(Try it) Only the pictures should be left out; write out all other data exactly.
__________________________________________________
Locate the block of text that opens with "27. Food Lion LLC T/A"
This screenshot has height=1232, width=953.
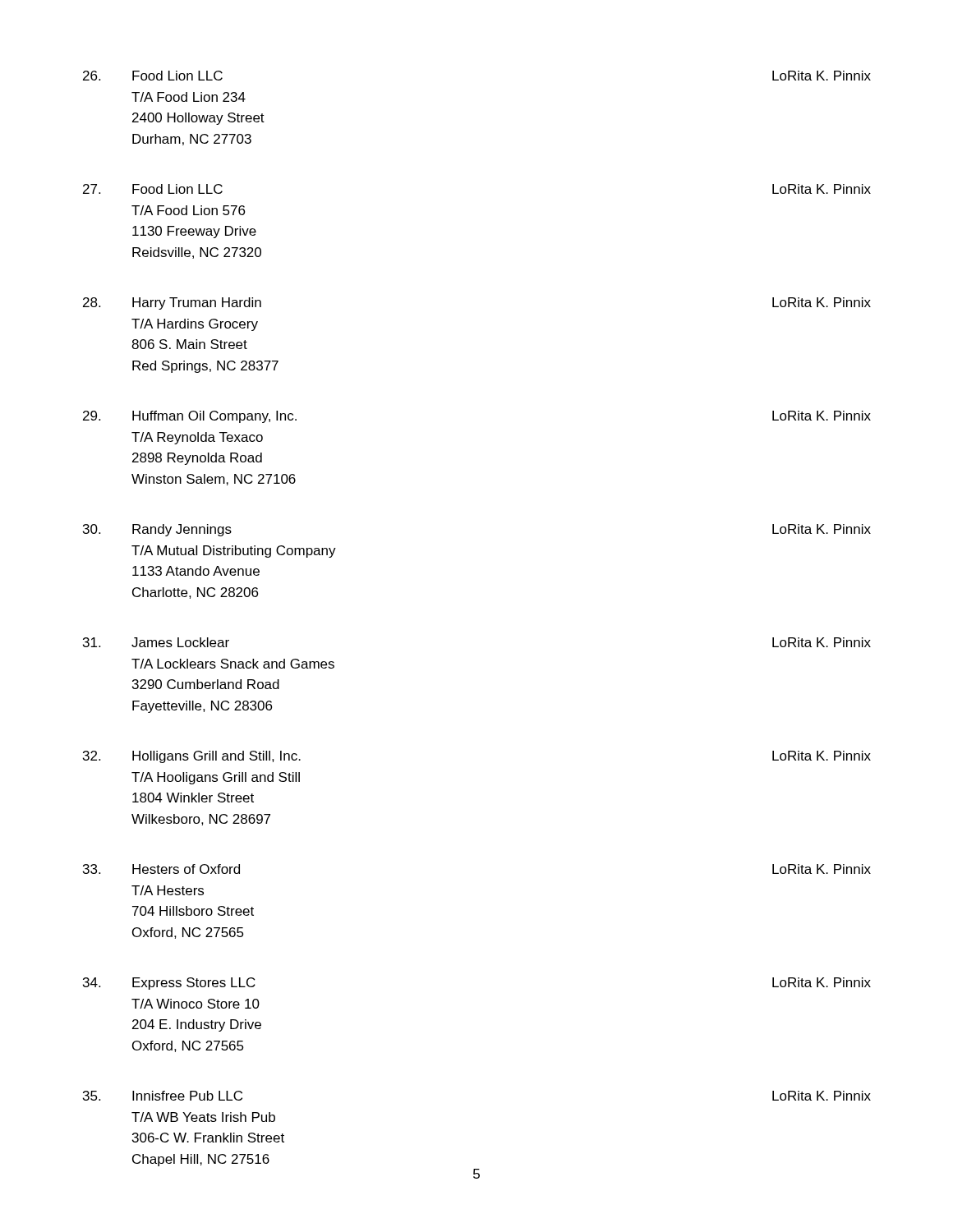coord(176,188)
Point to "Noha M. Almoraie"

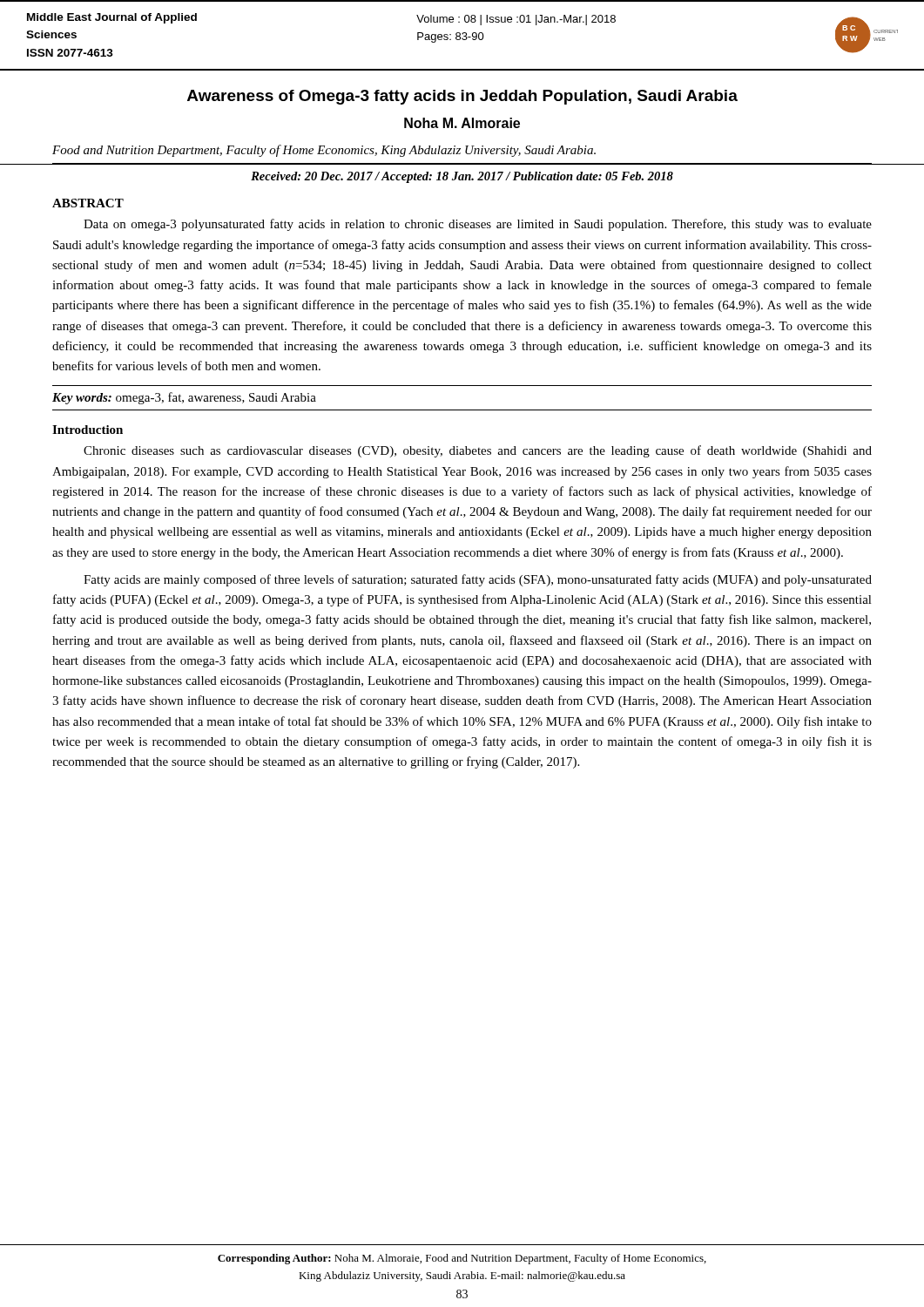pos(462,123)
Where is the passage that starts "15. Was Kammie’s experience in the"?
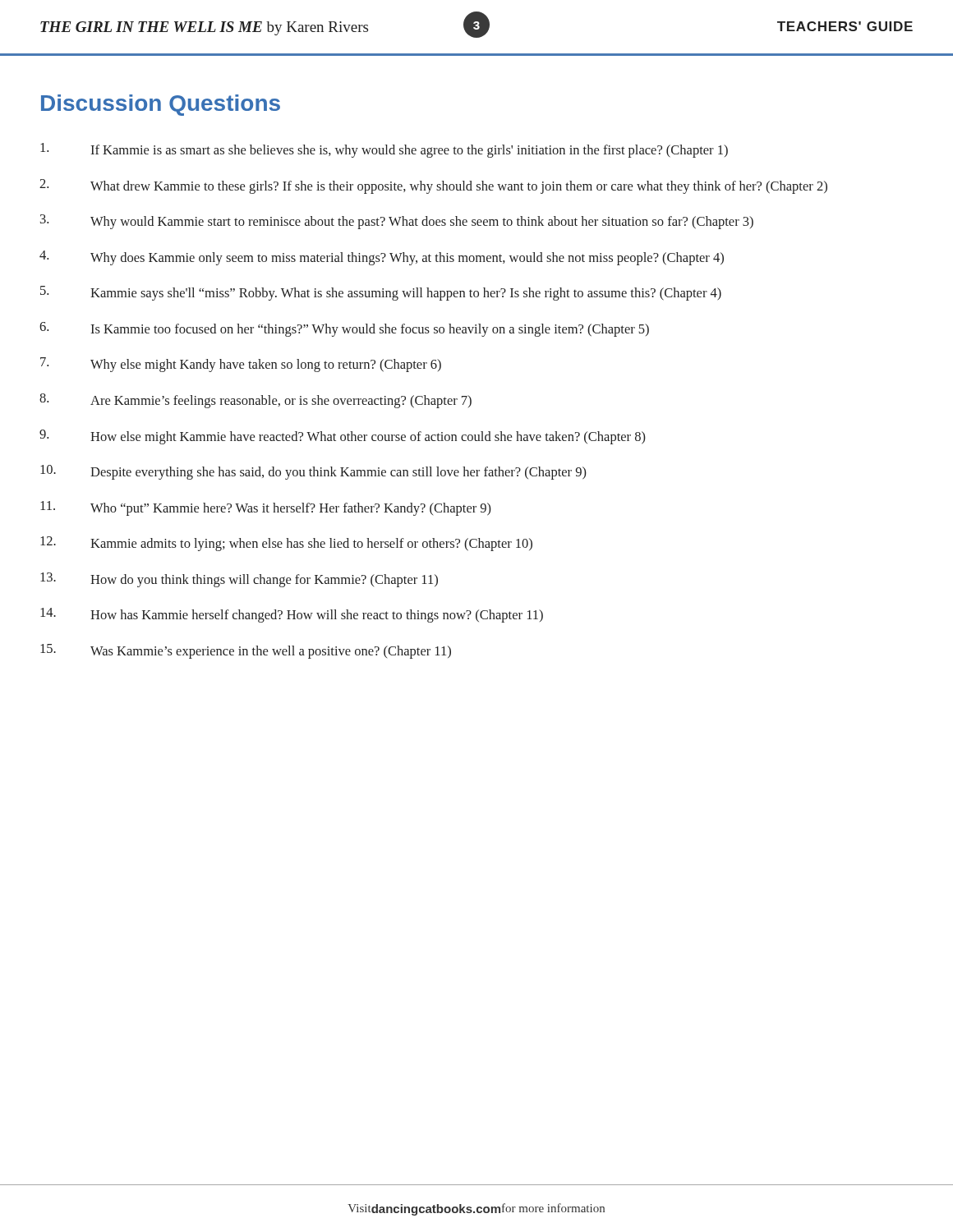The width and height of the screenshot is (953, 1232). point(246,651)
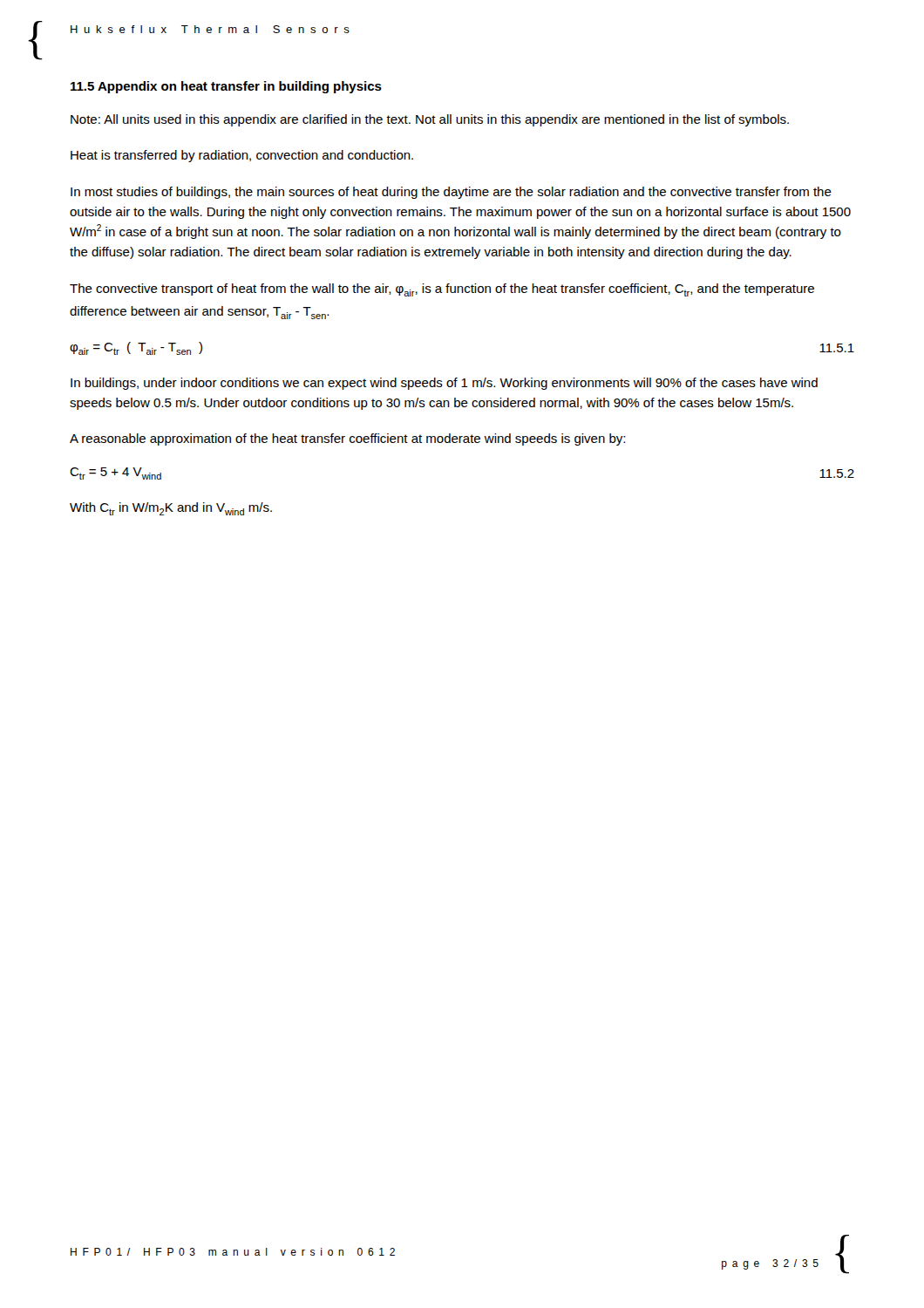Select the formula that says "Ctr = 5 +"
The width and height of the screenshot is (924, 1308).
(x=115, y=473)
__________________________________________________
(Response to the task)
Locate the block of text that opens with "27. Food Lion LLC T/A"
This screenshot has height=1232, width=953.
coord(176,188)
Point to "Noha M. Almoraie"

pos(462,123)
Where is the passage that starts "15. Was Kammie’s experience in the"?
The width and height of the screenshot is (953, 1232). point(246,651)
Select the formula that says "Ctr = 5 +"
The width and height of the screenshot is (924, 1308).
(x=115, y=473)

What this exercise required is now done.